そう言って奴は左手でメニューを操作する。すると俺以外の人が床に崩れ落ちた。俺は咄嗟に倒れ込もうするアスナを抱き締めた。アスナの頭上には麻痺状態のアイコンが…

 

「勇者の役目を持ったキリト君…君だよ」

 

奴との一対一の勝負…これに勝てばアスナをこの世界から解放してあげられる。それなら俺がやることは決まっている。俺は…

 

『奴を殺す…!!』

 

 

 

 

 

 

 

 

 

タツヤside

 

 

 

 俺たちを麻痺状態にして動きを封じた奴はキリトに一対一の決闘を申し込んだ。ここでキリトが奴を倒せば俺たちはこの世界から解放される。しかし…

 

「駄目だ!あいつには勝てない!」

 

あいつはこの世界を作った張本人だ。この世界の事を奴は全て知っている。お前の切り札の二刀流だって奴が作ったんだ…そんな奴に一人で勝てるわけがない!そんな勝負受けるな!

しかし…

 

「分かった…」

 

「キリト君!」

 

俺の思いはキリトの野郎には届かなかった。
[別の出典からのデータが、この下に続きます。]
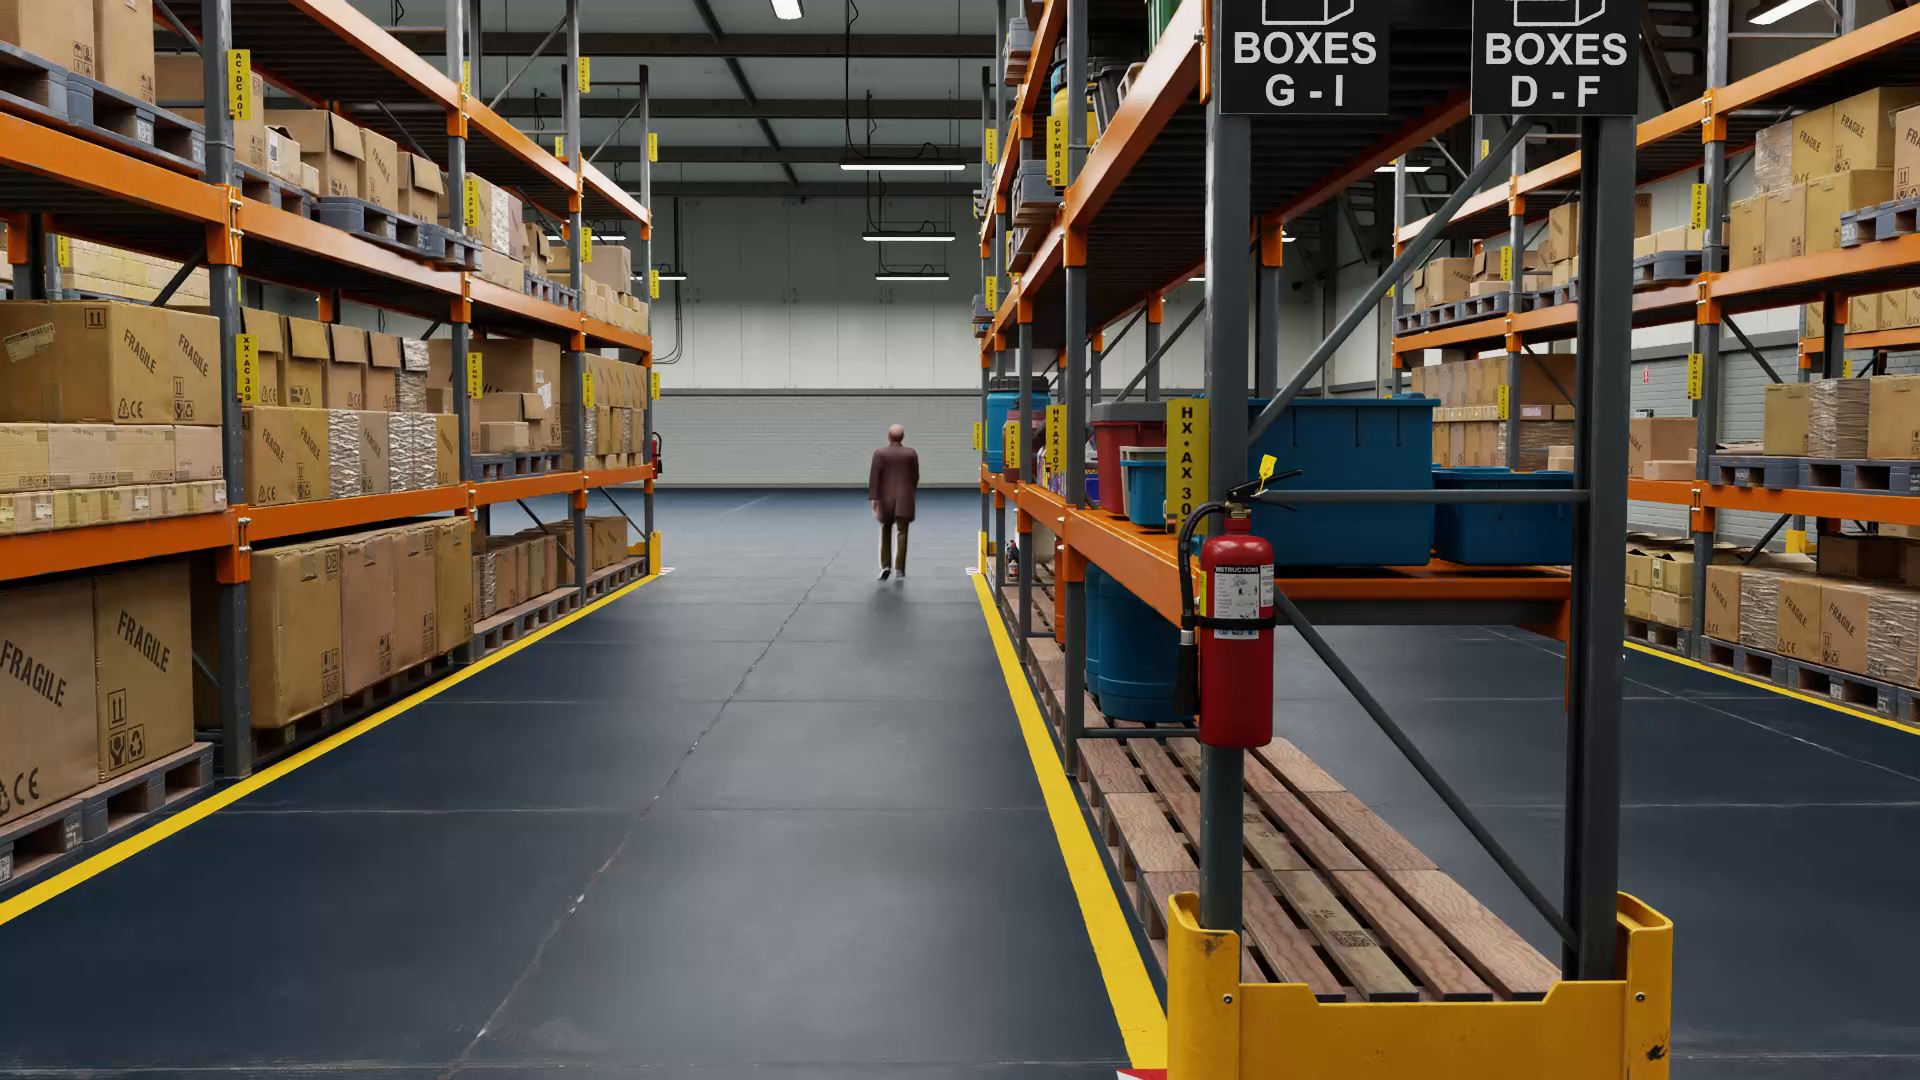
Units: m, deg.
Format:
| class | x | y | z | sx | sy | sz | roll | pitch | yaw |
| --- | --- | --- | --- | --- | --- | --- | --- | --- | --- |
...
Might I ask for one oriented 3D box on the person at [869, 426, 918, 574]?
| class | x | y | z | sx | sy | sz | roll | pitch | yaw |
| --- | --- | --- | --- | --- | --- | --- | --- | --- | --- |
| person | -0.766 | -0.451 | 19.293 | 0.563 | 1.740 | 1.060 | 0 | 4 | 0 |
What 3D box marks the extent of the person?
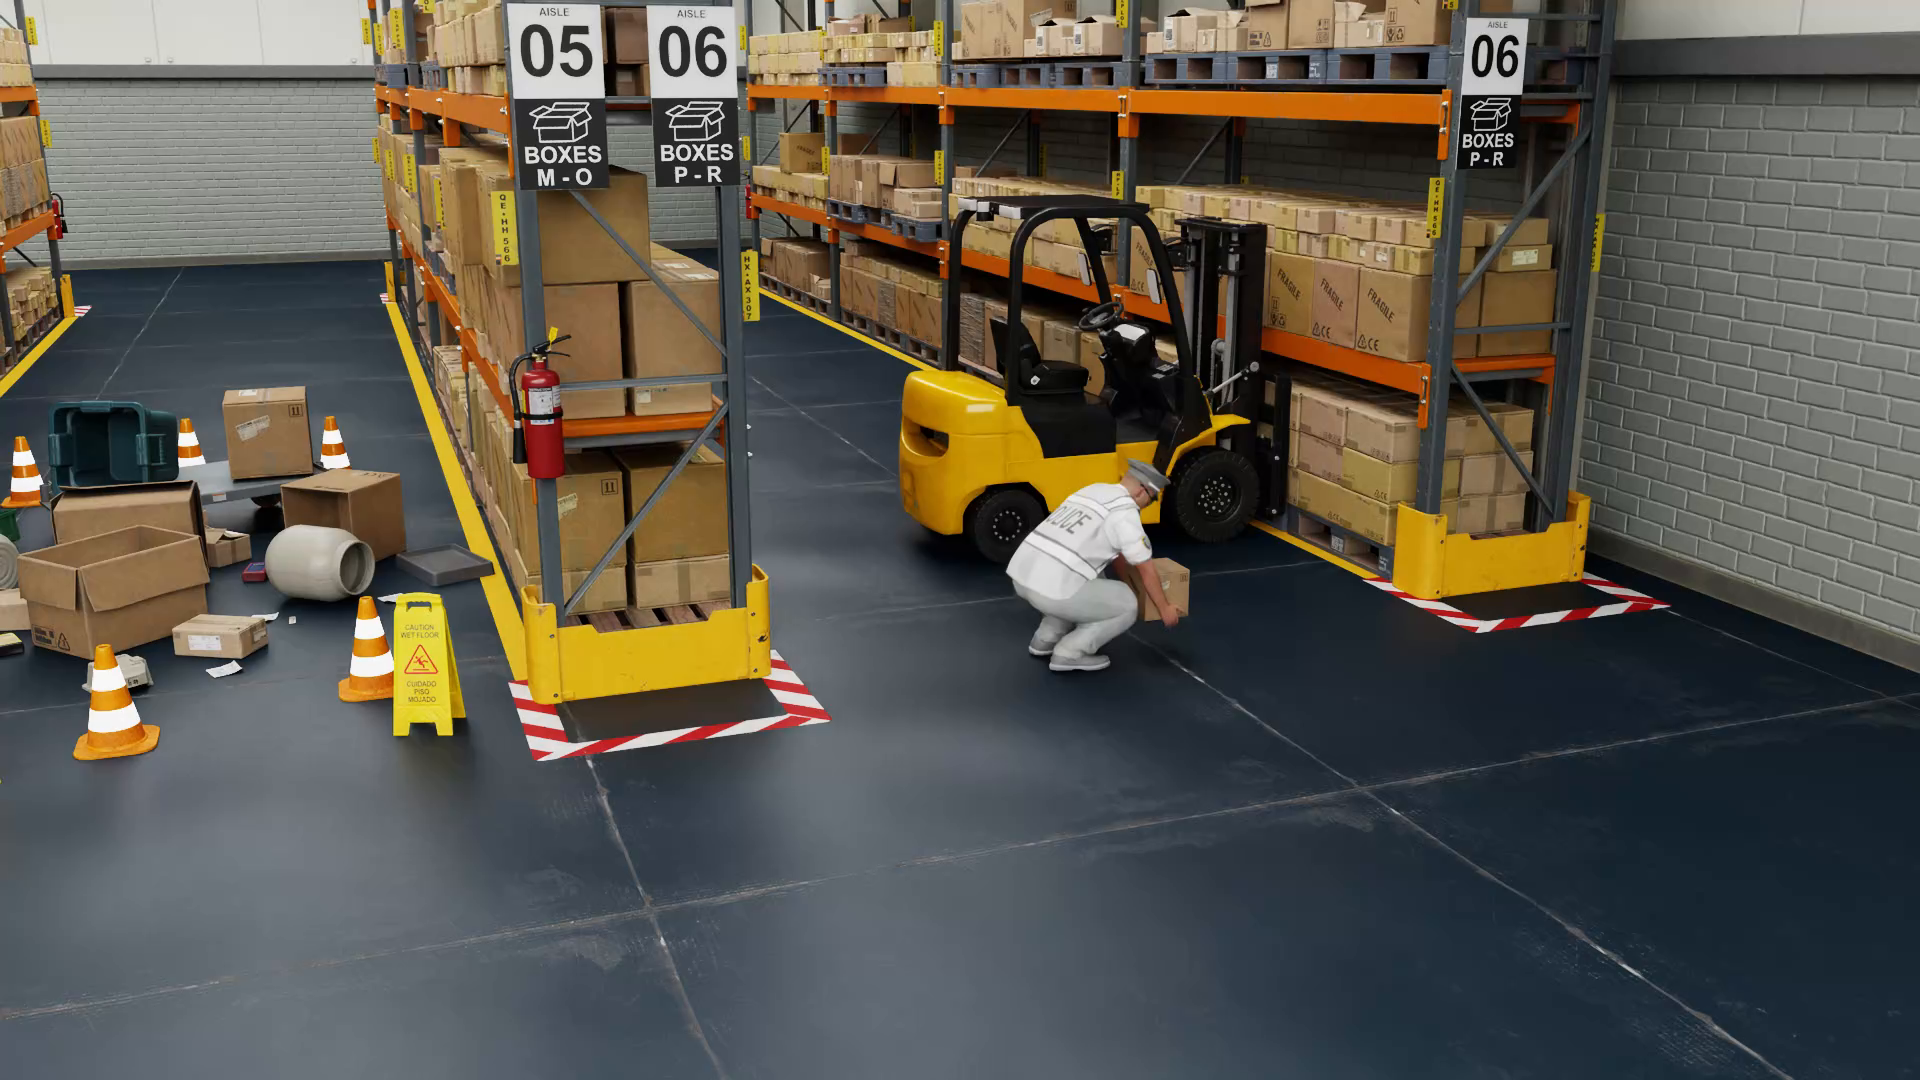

アスナの悲痛言葉にもあいつの決意は変わらなかった。

クラインやエギルも呼びかけるがそれでもあいつは止まらなかった。

 

「エギル、クライン…今までサンキュー」

 

その言葉は今まで世話になった奴への遺言のように俺は感じて…あいつは自分の命を犠牲にしてでも奴を倒すつもりなのか!…馬鹿野郎!お前が死んで俺たちが助かったって誰もそんなの喜ぶ訳ねえだろう!お前が死んだらこの世界でも現実でもお前の帰りを待っている奴らはどうすればいいんだよ!

 

「一つ頼みがある…簡単に負けるつもりは無いがもし俺が死んだら…しばらくでいい…アスナが自殺出来ない様計らって欲しい」

 

「よかろう」

 

 

 

 そしてキリトとヒースクリフの殺し合いが始まった。

キリトはソードスキルを使わずに剣を振るう。システムによるアシスト無しであそこまで二つの剣を使いこなしているのはこれまでの戦いの恩恵であろう。しかし…

 

「駄目だ…!全部盾で防がれてる…!」

 

そのキリトの猛攻を奴は容易く盾で防ぎ反撃まで行う…それによりキリトのHPは少しずつ減っていく、ヒースクリフにはまだ一撃も当たってない…そのまま戦闘は続くが依然として状況はキリトが不利のままだ…それに焦ったのであろうキリトは二つの剣にライトエフェクトを纏わせて奴に攻撃をしたのだ。

 

「馬鹿!そんなことをしたら…!」

 

以前の決闘の時は奴の盾を突破出来たが今回もそうなるとは限らない、その上ソードスキル後の長い硬直は相手に隙を見せることになる。リスクが高すぎる…!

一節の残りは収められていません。